Extracted data entries:
________

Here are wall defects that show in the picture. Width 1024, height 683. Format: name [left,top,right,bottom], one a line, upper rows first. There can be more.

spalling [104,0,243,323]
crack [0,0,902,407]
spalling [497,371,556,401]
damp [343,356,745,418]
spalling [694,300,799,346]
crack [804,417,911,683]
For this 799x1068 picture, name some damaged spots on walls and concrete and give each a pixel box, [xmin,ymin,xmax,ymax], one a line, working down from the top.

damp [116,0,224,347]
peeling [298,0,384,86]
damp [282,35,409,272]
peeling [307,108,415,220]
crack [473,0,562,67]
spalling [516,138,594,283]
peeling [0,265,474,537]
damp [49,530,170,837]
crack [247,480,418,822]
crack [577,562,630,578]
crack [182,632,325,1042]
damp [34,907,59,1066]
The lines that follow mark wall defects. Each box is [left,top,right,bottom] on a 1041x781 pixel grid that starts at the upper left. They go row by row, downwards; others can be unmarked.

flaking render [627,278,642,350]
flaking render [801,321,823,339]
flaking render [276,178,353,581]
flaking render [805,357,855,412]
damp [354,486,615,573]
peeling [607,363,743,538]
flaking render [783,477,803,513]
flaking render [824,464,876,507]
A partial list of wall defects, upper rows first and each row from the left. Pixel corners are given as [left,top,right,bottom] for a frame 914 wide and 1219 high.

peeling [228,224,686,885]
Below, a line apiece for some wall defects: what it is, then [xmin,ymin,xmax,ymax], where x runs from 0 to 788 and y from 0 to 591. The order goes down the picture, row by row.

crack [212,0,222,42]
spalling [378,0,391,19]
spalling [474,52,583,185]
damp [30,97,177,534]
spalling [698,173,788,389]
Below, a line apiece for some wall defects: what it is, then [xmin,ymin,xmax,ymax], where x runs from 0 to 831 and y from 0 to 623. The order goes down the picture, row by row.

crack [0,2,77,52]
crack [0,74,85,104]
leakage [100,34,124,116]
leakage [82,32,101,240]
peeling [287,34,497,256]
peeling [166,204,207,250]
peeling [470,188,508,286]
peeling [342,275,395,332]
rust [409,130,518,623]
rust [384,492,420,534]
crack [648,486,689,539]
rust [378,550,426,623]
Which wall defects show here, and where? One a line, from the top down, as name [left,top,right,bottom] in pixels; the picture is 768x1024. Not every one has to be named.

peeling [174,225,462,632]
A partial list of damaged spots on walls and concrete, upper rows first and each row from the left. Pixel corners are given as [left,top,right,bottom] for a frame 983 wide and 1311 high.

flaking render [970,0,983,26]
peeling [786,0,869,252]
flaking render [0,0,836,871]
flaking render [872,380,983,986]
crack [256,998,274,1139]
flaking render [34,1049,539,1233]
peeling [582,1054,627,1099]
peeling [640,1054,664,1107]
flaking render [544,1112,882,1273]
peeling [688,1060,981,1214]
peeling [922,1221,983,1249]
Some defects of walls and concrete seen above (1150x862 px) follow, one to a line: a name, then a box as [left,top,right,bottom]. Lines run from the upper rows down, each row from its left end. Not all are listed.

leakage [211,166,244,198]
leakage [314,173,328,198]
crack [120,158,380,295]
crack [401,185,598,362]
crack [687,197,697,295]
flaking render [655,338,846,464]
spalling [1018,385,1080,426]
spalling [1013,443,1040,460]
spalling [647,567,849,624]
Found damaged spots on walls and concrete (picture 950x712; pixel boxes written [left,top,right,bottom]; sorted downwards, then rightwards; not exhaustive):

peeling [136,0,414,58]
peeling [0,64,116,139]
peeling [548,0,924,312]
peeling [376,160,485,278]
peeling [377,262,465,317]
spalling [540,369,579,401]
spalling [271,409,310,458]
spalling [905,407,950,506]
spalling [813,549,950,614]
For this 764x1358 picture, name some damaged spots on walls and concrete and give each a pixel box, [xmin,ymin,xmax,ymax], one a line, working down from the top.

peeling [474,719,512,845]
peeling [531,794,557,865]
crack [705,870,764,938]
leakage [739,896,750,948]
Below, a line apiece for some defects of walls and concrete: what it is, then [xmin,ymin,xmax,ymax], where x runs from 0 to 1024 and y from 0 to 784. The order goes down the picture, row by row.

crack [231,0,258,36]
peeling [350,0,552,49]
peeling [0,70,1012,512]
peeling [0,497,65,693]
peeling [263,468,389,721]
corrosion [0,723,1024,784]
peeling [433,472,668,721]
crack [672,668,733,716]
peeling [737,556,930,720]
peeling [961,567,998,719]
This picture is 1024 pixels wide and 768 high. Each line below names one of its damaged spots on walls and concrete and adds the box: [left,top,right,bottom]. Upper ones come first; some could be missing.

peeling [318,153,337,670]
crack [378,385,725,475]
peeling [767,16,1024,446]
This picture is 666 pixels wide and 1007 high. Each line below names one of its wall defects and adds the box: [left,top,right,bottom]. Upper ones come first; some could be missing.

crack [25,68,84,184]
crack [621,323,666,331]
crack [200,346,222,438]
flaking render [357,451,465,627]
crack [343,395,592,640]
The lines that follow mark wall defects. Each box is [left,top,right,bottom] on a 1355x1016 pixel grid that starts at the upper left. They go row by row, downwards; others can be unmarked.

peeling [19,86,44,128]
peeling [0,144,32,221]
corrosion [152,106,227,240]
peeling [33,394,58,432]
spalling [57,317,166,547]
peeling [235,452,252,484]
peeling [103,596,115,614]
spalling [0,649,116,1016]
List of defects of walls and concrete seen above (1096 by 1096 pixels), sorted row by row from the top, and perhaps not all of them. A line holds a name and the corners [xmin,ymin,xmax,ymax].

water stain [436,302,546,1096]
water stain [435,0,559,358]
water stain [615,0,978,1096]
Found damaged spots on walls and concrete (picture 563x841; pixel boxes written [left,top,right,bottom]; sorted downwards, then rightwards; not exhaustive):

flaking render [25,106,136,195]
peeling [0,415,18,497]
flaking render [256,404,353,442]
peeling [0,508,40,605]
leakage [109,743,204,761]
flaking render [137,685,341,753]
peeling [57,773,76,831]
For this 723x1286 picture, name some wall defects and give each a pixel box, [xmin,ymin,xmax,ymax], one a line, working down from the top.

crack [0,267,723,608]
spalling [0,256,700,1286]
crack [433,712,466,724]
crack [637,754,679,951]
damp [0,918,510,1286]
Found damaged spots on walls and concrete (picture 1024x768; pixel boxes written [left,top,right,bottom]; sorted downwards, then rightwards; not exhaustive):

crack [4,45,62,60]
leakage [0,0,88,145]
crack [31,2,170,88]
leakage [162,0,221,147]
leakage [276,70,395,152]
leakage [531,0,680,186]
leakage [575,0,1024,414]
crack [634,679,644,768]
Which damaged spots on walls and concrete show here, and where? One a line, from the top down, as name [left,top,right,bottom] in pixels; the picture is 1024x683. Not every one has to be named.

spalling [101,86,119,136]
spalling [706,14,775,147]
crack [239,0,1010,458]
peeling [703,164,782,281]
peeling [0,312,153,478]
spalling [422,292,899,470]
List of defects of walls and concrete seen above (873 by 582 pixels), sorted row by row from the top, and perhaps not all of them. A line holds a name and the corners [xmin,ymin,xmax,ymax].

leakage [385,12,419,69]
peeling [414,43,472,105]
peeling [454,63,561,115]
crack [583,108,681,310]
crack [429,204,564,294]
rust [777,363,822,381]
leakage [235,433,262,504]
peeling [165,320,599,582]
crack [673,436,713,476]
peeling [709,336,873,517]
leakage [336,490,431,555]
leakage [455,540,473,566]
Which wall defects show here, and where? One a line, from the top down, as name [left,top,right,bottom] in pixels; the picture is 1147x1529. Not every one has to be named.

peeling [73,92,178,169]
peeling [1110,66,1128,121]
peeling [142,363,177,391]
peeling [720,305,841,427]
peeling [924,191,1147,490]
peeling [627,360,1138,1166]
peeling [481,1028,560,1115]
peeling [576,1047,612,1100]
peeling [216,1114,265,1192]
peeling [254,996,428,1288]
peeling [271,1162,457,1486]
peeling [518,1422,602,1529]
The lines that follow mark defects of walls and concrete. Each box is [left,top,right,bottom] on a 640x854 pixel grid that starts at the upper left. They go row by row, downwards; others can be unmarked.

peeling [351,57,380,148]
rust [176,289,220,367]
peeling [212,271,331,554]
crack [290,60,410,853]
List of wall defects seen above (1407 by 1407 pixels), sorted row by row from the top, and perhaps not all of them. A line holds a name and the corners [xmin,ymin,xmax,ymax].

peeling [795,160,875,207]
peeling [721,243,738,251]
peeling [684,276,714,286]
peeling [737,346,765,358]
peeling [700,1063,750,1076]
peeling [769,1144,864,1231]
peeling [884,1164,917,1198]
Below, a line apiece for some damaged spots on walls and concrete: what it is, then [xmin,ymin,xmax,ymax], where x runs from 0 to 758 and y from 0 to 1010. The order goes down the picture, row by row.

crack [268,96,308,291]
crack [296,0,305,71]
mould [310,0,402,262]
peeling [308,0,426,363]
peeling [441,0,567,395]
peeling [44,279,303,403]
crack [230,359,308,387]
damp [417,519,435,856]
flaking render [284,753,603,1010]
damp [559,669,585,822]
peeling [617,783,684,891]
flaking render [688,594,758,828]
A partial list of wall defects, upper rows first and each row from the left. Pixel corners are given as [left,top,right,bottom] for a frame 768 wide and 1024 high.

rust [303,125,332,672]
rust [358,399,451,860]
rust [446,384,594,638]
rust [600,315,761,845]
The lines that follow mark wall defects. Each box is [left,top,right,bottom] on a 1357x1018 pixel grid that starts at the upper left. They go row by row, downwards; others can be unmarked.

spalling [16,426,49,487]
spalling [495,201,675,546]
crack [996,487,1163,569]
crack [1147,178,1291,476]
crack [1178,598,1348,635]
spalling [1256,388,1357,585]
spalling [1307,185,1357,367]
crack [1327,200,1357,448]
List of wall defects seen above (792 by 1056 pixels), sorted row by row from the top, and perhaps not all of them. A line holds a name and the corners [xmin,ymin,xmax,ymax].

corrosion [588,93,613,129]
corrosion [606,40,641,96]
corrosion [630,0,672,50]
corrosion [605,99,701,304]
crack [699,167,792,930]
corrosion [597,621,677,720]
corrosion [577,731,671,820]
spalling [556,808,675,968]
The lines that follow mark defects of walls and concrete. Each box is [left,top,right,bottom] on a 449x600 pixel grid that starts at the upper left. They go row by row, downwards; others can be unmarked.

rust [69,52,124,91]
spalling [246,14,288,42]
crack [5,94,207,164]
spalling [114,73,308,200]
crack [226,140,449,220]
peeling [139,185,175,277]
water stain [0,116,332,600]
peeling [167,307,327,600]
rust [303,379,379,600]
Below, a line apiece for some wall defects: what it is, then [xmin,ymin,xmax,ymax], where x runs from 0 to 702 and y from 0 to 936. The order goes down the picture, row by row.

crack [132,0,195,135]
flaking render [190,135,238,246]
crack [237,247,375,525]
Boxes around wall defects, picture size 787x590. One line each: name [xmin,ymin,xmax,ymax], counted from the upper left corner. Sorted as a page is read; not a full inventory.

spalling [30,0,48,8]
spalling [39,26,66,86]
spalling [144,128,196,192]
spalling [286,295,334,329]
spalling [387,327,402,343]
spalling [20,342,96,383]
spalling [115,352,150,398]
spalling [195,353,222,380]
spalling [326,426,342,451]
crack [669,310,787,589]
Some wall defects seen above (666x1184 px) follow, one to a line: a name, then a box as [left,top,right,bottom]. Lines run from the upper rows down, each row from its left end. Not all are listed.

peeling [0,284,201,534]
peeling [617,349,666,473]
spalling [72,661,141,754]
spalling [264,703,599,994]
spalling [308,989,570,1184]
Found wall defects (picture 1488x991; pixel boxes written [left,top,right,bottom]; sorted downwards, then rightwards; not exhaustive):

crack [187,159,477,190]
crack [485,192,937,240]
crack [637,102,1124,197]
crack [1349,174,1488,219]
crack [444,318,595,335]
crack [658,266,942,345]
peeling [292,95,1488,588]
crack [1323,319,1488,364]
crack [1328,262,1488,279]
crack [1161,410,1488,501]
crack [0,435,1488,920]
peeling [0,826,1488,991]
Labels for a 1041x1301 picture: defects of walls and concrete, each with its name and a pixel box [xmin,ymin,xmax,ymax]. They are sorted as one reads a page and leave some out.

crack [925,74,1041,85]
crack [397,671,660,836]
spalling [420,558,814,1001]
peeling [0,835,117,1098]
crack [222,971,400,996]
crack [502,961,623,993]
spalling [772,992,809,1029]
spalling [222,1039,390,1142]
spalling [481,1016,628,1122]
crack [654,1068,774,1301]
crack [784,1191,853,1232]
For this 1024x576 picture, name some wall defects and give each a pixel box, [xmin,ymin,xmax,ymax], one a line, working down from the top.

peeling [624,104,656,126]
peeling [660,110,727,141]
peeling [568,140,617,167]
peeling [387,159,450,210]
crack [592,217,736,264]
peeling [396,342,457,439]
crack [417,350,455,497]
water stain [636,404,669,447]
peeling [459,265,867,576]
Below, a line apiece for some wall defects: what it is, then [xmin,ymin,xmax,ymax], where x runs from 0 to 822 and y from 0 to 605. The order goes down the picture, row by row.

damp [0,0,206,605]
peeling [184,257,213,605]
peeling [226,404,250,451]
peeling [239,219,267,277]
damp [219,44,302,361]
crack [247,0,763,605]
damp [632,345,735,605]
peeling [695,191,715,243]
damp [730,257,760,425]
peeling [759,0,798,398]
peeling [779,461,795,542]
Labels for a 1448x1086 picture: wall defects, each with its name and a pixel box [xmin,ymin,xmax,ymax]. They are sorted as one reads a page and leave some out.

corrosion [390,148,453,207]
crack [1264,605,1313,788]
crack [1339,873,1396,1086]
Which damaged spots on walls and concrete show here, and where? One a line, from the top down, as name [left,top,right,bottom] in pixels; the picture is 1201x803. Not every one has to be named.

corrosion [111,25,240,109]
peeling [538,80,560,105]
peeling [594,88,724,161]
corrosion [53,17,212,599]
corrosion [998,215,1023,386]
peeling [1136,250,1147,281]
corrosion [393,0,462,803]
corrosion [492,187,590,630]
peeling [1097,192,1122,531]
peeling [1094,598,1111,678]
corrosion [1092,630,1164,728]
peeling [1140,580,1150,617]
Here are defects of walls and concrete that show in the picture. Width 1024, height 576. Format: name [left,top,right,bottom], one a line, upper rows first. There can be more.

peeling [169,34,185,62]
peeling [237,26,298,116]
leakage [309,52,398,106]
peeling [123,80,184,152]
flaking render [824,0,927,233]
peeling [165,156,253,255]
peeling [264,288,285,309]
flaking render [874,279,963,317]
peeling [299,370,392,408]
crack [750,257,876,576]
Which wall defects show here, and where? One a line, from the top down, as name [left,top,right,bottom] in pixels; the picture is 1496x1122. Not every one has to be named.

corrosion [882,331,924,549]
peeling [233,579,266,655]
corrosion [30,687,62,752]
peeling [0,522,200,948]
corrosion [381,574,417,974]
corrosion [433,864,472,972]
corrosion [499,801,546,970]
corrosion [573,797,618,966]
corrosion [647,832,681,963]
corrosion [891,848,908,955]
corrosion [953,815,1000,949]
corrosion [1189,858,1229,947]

________

> _Problem to work on_: Give back, unchanged, every line from the one with "1496x1122. Not every one has to be named." to the end of the entries above.

> _Written reply_:
Which wall defects show here, and where? One a line, from the top down, as name [left,top,right,bottom] in pixels; the picture is 1496x1122. Not every one has to be named.

corrosion [882,331,924,549]
peeling [233,579,266,655]
corrosion [30,687,62,752]
peeling [0,522,200,948]
corrosion [381,574,417,974]
corrosion [433,864,472,972]
corrosion [499,801,546,970]
corrosion [573,797,618,966]
corrosion [647,832,681,963]
corrosion [891,848,908,955]
corrosion [953,815,1000,949]
corrosion [1189,858,1229,947]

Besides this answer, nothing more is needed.